Your goal> Spot each line in the records below where the word "base" occurs, then copy it.
+++ Supplied records
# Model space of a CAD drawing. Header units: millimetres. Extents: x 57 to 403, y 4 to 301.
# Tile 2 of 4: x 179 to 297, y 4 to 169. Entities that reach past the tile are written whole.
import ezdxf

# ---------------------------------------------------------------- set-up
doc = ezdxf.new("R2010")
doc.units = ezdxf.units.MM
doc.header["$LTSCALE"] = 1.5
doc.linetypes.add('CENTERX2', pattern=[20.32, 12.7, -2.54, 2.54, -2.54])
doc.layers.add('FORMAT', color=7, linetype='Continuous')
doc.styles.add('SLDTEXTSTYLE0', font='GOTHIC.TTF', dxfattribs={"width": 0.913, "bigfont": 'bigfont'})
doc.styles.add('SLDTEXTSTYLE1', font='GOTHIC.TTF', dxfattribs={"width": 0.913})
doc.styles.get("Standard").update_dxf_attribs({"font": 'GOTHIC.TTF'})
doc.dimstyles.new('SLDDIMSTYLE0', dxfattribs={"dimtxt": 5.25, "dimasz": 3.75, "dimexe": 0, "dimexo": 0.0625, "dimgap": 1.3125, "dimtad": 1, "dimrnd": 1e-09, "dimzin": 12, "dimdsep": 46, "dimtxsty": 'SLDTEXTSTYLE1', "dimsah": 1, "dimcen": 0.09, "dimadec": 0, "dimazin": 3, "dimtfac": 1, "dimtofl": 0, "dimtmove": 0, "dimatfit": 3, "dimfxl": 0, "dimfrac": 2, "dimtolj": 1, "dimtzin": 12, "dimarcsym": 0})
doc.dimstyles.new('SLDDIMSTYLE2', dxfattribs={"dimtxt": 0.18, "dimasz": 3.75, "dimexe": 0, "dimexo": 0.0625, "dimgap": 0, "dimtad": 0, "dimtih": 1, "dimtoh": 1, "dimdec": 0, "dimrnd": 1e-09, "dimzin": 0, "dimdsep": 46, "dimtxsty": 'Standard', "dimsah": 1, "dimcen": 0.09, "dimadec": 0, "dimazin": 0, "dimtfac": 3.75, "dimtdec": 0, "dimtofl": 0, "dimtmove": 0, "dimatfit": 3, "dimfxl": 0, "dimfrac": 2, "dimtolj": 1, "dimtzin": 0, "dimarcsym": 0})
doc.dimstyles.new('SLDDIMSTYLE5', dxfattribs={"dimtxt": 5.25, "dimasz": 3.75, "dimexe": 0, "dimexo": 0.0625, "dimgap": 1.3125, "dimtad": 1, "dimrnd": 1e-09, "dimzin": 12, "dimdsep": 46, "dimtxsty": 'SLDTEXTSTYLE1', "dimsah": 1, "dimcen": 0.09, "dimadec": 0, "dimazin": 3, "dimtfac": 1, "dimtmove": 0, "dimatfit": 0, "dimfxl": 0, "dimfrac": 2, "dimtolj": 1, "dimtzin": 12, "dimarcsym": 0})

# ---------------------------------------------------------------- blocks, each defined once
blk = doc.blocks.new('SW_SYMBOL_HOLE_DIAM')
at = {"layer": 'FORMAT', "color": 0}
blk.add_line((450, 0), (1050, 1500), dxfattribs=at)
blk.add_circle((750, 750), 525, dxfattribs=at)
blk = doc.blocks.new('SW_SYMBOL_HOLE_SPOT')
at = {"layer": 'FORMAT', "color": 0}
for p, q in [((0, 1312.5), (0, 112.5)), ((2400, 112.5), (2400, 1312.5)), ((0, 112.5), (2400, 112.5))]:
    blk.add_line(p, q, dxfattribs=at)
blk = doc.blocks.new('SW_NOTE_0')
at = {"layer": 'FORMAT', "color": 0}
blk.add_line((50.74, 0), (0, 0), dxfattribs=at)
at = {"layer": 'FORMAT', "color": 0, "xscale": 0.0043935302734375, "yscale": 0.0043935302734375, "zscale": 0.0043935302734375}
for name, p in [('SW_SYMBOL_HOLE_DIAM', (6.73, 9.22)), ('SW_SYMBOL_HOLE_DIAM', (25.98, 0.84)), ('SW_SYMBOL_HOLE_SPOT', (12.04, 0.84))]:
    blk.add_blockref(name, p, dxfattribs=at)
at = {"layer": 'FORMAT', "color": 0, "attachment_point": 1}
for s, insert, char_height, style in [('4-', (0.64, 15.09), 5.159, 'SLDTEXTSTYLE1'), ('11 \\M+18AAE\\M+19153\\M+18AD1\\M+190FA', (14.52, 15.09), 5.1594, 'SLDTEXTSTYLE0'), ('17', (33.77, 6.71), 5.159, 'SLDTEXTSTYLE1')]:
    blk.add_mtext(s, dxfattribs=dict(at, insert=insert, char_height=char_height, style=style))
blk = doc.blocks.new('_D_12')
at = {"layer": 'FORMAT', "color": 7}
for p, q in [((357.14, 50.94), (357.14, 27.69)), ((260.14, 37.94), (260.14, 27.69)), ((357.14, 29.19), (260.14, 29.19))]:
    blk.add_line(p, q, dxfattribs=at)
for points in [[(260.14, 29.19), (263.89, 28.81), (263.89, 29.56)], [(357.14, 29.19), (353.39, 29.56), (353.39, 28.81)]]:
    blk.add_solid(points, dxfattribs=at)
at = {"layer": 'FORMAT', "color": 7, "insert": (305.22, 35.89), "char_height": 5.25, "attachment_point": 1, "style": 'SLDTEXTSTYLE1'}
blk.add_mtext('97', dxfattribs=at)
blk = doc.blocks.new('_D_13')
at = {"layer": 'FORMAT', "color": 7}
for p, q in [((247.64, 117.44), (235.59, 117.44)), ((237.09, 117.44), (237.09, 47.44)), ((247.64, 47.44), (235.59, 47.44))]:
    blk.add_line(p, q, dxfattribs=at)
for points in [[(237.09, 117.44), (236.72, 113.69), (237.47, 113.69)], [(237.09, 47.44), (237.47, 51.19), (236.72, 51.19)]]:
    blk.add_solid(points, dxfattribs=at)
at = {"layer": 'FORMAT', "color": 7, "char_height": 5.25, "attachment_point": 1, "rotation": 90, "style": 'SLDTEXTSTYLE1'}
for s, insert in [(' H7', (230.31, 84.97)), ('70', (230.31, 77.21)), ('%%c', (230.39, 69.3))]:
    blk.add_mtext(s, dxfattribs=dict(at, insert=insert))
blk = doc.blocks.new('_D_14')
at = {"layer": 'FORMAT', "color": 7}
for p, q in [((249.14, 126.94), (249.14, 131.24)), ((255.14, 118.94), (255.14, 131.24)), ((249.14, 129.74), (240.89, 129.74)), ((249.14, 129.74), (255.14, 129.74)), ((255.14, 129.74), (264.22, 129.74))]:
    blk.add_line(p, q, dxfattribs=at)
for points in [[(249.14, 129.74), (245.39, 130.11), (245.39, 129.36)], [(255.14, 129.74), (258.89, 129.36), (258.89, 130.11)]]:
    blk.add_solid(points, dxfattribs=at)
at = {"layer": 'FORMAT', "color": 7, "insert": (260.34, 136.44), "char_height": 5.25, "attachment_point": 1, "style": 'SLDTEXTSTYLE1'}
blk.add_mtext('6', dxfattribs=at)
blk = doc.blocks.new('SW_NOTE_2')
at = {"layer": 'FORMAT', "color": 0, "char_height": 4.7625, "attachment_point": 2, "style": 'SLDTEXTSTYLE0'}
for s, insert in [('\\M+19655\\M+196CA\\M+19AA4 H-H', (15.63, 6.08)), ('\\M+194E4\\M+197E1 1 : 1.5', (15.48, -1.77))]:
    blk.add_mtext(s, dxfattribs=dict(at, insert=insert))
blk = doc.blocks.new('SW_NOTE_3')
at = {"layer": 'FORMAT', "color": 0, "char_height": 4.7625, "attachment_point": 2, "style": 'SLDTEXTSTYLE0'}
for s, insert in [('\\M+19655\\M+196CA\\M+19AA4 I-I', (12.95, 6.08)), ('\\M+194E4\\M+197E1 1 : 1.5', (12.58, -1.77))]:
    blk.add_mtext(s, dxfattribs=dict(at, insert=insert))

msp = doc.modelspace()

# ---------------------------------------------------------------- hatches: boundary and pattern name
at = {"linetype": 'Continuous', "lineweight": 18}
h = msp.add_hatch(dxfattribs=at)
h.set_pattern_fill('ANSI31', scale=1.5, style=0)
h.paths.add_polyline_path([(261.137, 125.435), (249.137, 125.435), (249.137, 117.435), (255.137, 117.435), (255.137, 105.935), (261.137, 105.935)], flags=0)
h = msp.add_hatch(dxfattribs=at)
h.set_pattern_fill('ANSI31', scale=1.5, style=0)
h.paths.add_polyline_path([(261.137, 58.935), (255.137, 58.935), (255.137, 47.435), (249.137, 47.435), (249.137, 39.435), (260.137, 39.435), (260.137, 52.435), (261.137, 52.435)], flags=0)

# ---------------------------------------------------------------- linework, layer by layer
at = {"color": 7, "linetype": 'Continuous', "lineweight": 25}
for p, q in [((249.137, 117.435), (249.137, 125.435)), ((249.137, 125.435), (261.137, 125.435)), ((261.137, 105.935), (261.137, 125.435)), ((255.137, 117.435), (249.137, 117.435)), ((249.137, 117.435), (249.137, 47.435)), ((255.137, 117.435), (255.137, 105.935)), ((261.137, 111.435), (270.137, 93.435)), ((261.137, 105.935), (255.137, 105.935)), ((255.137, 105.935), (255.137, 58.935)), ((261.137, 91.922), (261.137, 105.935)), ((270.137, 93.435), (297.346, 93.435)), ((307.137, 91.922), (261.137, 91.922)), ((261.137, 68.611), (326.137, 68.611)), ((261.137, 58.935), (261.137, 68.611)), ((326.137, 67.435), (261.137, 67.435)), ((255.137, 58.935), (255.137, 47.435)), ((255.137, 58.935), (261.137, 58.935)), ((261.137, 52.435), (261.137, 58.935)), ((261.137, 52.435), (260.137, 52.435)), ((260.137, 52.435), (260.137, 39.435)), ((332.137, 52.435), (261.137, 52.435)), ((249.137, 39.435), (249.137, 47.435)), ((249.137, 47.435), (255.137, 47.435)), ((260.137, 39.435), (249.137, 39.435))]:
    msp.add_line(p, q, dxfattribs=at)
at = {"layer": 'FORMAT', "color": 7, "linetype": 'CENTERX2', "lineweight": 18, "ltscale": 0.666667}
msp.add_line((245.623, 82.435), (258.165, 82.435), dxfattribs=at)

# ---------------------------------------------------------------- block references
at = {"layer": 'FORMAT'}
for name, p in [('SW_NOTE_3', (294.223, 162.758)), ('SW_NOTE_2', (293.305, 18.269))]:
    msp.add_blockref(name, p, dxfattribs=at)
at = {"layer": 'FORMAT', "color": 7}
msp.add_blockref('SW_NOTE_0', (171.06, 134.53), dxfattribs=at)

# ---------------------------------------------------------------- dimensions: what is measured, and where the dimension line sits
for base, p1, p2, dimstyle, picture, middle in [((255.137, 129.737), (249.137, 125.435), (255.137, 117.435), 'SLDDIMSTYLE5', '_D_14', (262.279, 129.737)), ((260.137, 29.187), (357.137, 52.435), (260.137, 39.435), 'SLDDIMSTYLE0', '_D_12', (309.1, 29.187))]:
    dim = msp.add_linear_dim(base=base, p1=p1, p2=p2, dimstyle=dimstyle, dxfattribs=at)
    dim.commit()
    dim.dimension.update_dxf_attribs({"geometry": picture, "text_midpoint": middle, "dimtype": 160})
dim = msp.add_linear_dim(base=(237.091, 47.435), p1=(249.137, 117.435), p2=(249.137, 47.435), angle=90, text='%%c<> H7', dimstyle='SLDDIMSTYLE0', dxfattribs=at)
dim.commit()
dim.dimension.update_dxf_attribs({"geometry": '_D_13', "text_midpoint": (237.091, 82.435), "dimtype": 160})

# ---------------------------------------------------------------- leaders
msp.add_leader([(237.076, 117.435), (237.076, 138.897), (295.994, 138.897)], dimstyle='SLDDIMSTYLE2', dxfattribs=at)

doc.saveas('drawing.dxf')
++++++
Completed task>
for base, p1, p2, dimstyle, picture, middle in [((255.137, 129.737), (249.137, 125.435), (255.137, 117.435), 'SLDDIMSTYLE5', '_D_14', (262.279, 129.737)), ((260.137, 29.187), (357.137, 52.435), (260.137, 39.435), 'SLDDIMSTYLE0', '_D_12', (309.1, 29.187))]:
    dim = msp.add_linear_dim(base=base, p1=p1, p2=p2, dimstyle=dimstyle, dxfattribs=at)
dim = msp.add_linear_dim(base=(237.091, 47.435), p1=(249.137, 117.435), p2=(249.137, 47.435), angle=90, text='%%c<> H7', dimstyle='SLDDIMSTYLE0', dxfattribs=at)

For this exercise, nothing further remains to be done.